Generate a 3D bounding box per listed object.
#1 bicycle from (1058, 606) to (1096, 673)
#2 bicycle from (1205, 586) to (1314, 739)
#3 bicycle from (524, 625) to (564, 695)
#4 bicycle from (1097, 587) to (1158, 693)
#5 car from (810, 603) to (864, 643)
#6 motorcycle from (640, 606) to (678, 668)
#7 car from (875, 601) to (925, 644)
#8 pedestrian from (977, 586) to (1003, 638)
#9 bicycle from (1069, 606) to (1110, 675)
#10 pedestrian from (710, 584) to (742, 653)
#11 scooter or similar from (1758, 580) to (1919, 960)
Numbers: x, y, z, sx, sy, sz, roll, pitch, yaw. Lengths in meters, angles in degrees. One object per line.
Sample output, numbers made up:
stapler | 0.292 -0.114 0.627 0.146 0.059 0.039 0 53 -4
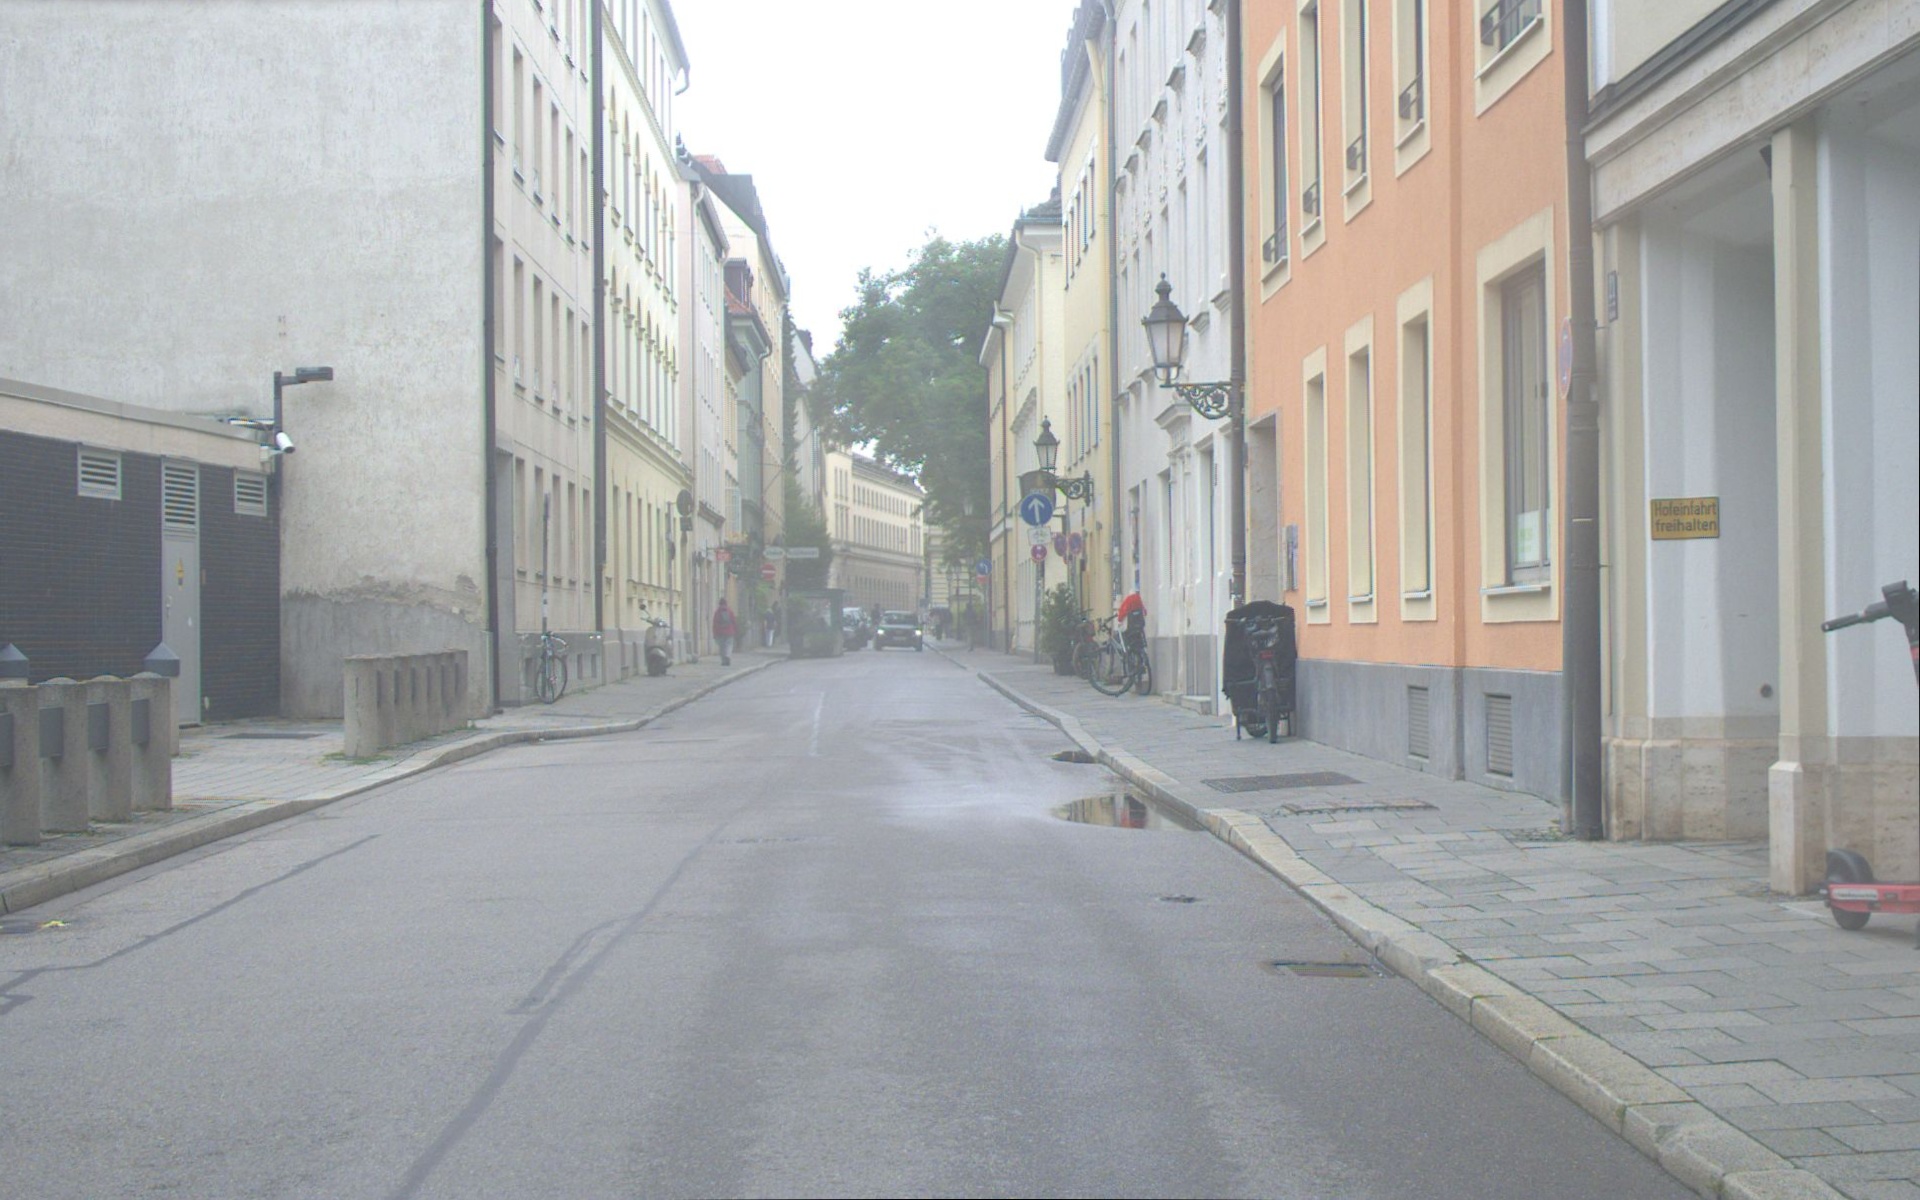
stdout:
bicycle | 2.047 0.689 60.334 0.565 1.133 1.684 -3 0 0
bicycle | 2.626 0.528 30.348 0.679 1.236 2.382 -5 0 1
bicycle | -5.816 0.833 48.094 0.320 0.940 1.574 2 0 1
bicycle | 2.297 0.535 47.291 0.713 1.391 2.121 -3 0 1
car | -4.649 0.857 130.189 1.779 1.461 3.662 1 0 2
motorcycle | -5.806 0.711 66.358 0.602 1.170 1.708 0 0 -1
car | -2.323 0.847 131.339 1.812 1.588 4.000 0 0 -2
pedestrian | 1.067 0.429 120.964 0.880 1.796 1.046 1 0 0
bicycle | 2.184 0.674 58.267 0.565 1.133 1.987 -3 0 0
pedestrian | -5.843 0.457 85.744 0.765 1.702 0.785 -1 0 -3
scooter or similar | 3.334 0.573 12.028 0.464 1.254 1.277 -3 1 -15
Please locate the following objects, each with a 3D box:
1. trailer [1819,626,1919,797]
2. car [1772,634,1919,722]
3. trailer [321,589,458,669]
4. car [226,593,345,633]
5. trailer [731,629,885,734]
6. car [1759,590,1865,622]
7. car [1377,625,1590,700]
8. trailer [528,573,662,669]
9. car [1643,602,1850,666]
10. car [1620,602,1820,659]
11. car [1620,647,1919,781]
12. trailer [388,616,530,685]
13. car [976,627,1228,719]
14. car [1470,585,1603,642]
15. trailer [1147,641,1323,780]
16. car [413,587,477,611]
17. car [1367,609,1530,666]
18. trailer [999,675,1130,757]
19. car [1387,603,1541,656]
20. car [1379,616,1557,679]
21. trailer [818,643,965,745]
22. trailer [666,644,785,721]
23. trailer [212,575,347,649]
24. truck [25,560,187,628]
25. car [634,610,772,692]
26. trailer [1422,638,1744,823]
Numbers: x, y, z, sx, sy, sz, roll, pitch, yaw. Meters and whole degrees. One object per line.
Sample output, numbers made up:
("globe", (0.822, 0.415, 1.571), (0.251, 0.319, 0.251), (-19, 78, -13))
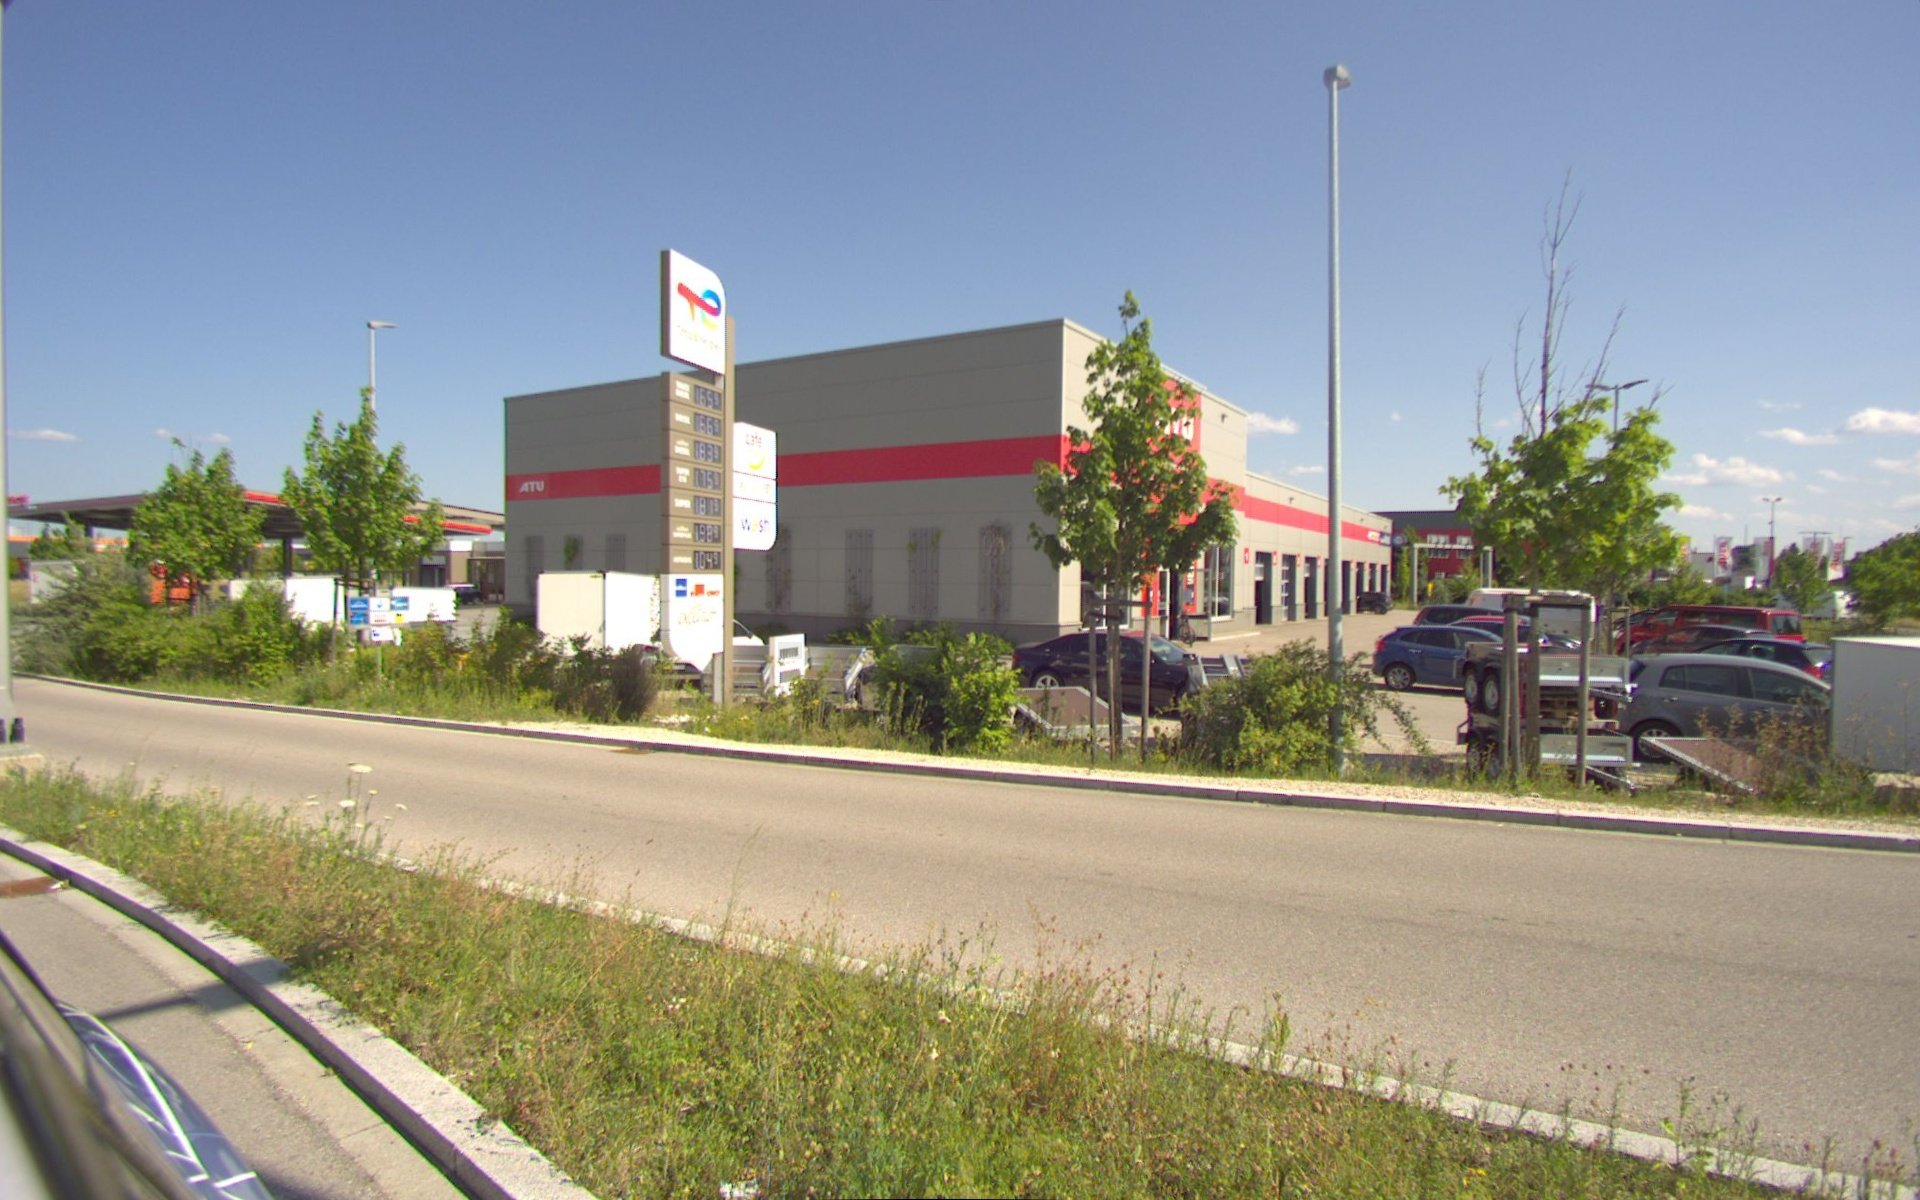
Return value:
("trailer", (11.555, 1.306, 10.712), (1.783, 1.785, 3.696), (-1, 2, 1))
("car", (18.594, 1.527, 19.639), (1.794, 1.475, 4.014), (1, 2, -24))
("trailer", (-15.354, 0.730, 27.396), (1.977, 2.029, 2.730), (-1, 1, 8))
("car", (-32.763, 0.607, 49.293), (1.789, 1.771, 4.474), (0, 1, 30))
("trailer", (-2.530, 1.322, 17.526), (1.534, 1.495, 3.177), (-1, 1, 14))
("car", (63.437, 0.383, 75.526), (2.007, 2.251, 6.286), (-1, 1, -8))
("car", (11.331, 1.293, 22.026), (3.985, 1.475, 1.806), (0, -2, 31))
("trailer", (-8.286, 0.426, 23.254), (1.725, 2.029, 3.236), (-1, 1, 4))
("car", (20.886, 0.840, 27.066), (1.794, 1.475, 4.013), (-1, 1, -23))
("car", (22.437, 0.850, 30.099), (1.794, 1.475, 4.470), (-1, 1, -23))
("car", (11.775, 1.551, 14.621), (3.733, 1.563, 1.724), (0, 1, 33))
("trailer", (-12.959, 1.261, 26.416), (1.581, 1.521, 3.592), (-1, 1, 8))
("car", (2.660, 1.314, 19.478), (4.488, 1.495, 1.782), (-1, 1, 36))
("car", (22.045, 0.493, 38.768), (4.334, 2.029, 1.883), (0, 1, 32))
("trailer", (3.995, 1.542, 15.290), (1.684, 1.462, 3.697), (-1, 4, 1))
("car", (-36.056, -0.072, 70.866), (1.695, 1.586, 3.636), (0, 1, 41))
("car", (14.039, 1.037, 29.145), (3.992, 1.475, 1.803), (0, 1, 36))
("trailer", (1.533, 1.747, 15.706), (1.842, 0.888, 2.835), (-1, 1, 3))
("car", (15.394, 0.861, 30.994), (3.992, 1.475, 1.803), (0, 1, 36))
("car", (13.445, 1.208, 26.848), (3.992, 1.475, 1.803), (0, 1, 36))
("trailer", (-1.038, 1.464, 16.585), (1.379, 1.332, 2.894), (-1, 1, 19))
("trailer", (-4.117, 1.425, 18.103), (1.304, 1.094, 2.772), (-1, 1, 5))
("trailer", (-20.060, 0.319, 29.993), (1.970, 2.029, 3.210), (-1, 1, -4))
("truck", (-44.876, -0.362, 53.512), (2.606, 3.343, 6.902), (-1, 1, 2))
("car", (-5.585, 1.047, 22.463), (1.698, 1.547, 3.993), (-1, 1, 6))
("trailer", (7.547, 1.475, 12.747), (1.783, 1.785, 3.696), (-1, 1, 1))

• _What you need to do_: Repeat all of the material above exactly, leaving out pictures.

• _Written solution_:
Generate a 3D bounding box per listed object.
#1 bicycle from (1058, 606) to (1096, 673)
#2 bicycle from (1205, 586) to (1314, 739)
#3 bicycle from (524, 625) to (564, 695)
#4 bicycle from (1097, 587) to (1158, 693)
#5 car from (810, 603) to (864, 643)
#6 motorcycle from (640, 606) to (678, 668)
#7 car from (875, 601) to (925, 644)
#8 pedestrian from (977, 586) to (1003, 638)
#9 bicycle from (1069, 606) to (1110, 675)
#10 pedestrian from (710, 584) to (742, 653)
#11 scooter or similar from (1758, 580) to (1919, 960)
Numbers: x, y, z, sx, sy, sz, roll, pitch, yaw. Lengths in meters, angles in degrees. One object per line.
Sample output, numbers made up:
stapler | 0.292 -0.114 0.627 0.146 0.059 0.039 0 53 -4
stdout:
bicycle | 2.047 0.689 60.334 0.565 1.133 1.684 -3 0 0
bicycle | 2.626 0.528 30.348 0.679 1.236 2.382 -5 0 1
bicycle | -5.816 0.833 48.094 0.320 0.940 1.574 2 0 1
bicycle | 2.297 0.535 47.291 0.713 1.391 2.121 -3 0 1
car | -4.649 0.857 130.189 1.779 1.461 3.662 1 0 2
motorcycle | -5.806 0.711 66.358 0.602 1.170 1.708 0 0 -1
car | -2.323 0.847 131.339 1.812 1.588 4.000 0 0 -2
pedestrian | 1.067 0.429 120.964 0.880 1.796 1.046 1 0 0
bicycle | 2.184 0.674 58.267 0.565 1.133 1.987 -3 0 0
pedestrian | -5.843 0.457 85.744 0.765 1.702 0.785 -1 0 -3
scooter or similar | 3.334 0.573 12.028 0.464 1.254 1.277 -3 1 -15
Please locate the following objects, each with a 3D box:
1. trailer [1819,626,1919,797]
2. car [1772,634,1919,722]
3. trailer [321,589,458,669]
4. car [226,593,345,633]
5. trailer [731,629,885,734]
6. car [1759,590,1865,622]
7. car [1377,625,1590,700]
8. trailer [528,573,662,669]
9. car [1643,602,1850,666]
10. car [1620,602,1820,659]
11. car [1620,647,1919,781]
12. trailer [388,616,530,685]
13. car [976,627,1228,719]
14. car [1470,585,1603,642]
15. trailer [1147,641,1323,780]
16. car [413,587,477,611]
17. car [1367,609,1530,666]
18. trailer [999,675,1130,757]
19. car [1387,603,1541,656]
20. car [1379,616,1557,679]
21. trailer [818,643,965,745]
22. trailer [666,644,785,721]
23. trailer [212,575,347,649]
24. truck [25,560,187,628]
25. car [634,610,772,692]
26. trailer [1422,638,1744,823]
Numbers: x, y, z, sx, sy, sz, roll, pitch, yaw. Meters and whole degrees. One object per line.
Sample output, numbers made up:
("globe", (0.822, 0.415, 1.571), (0.251, 0.319, 0.251), (-19, 78, -13))
Return value:
("trailer", (11.555, 1.306, 10.712), (1.783, 1.785, 3.696), (-1, 2, 1))
("car", (18.594, 1.527, 19.639), (1.794, 1.475, 4.014), (1, 2, -24))
("trailer", (-15.354, 0.730, 27.396), (1.977, 2.029, 2.730), (-1, 1, 8))
("car", (-32.763, 0.607, 49.293), (1.789, 1.771, 4.474), (0, 1, 30))
("trailer", (-2.530, 1.322, 17.526), (1.534, 1.495, 3.177), (-1, 1, 14))
("car", (63.437, 0.383, 75.526), (2.007, 2.251, 6.286), (-1, 1, -8))
("car", (11.331, 1.293, 22.026), (3.985, 1.475, 1.806), (0, -2, 31))
("trailer", (-8.286, 0.426, 23.254), (1.725, 2.029, 3.236), (-1, 1, 4))
("car", (20.886, 0.840, 27.066), (1.794, 1.475, 4.013), (-1, 1, -23))
("car", (22.437, 0.850, 30.099), (1.794, 1.475, 4.470), (-1, 1, -23))
("car", (11.775, 1.551, 14.621), (3.733, 1.563, 1.724), (0, 1, 33))
("trailer", (-12.959, 1.261, 26.416), (1.581, 1.521, 3.592), (-1, 1, 8))
("car", (2.660, 1.314, 19.478), (4.488, 1.495, 1.782), (-1, 1, 36))
("car", (22.045, 0.493, 38.768), (4.334, 2.029, 1.883), (0, 1, 32))
("trailer", (3.995, 1.542, 15.290), (1.684, 1.462, 3.697), (-1, 4, 1))
("car", (-36.056, -0.072, 70.866), (1.695, 1.586, 3.636), (0, 1, 41))
("car", (14.039, 1.037, 29.145), (3.992, 1.475, 1.803), (0, 1, 36))
("trailer", (1.533, 1.747, 15.706), (1.842, 0.888, 2.835), (-1, 1, 3))
("car", (15.394, 0.861, 30.994), (3.992, 1.475, 1.803), (0, 1, 36))
("car", (13.445, 1.208, 26.848), (3.992, 1.475, 1.803), (0, 1, 36))
("trailer", (-1.038, 1.464, 16.585), (1.379, 1.332, 2.894), (-1, 1, 19))
("trailer", (-4.117, 1.425, 18.103), (1.304, 1.094, 2.772), (-1, 1, 5))
("trailer", (-20.060, 0.319, 29.993), (1.970, 2.029, 3.210), (-1, 1, -4))
("truck", (-44.876, -0.362, 53.512), (2.606, 3.343, 6.902), (-1, 1, 2))
("car", (-5.585, 1.047, 22.463), (1.698, 1.547, 3.993), (-1, 1, 6))
("trailer", (7.547, 1.475, 12.747), (1.783, 1.785, 3.696), (-1, 1, 1))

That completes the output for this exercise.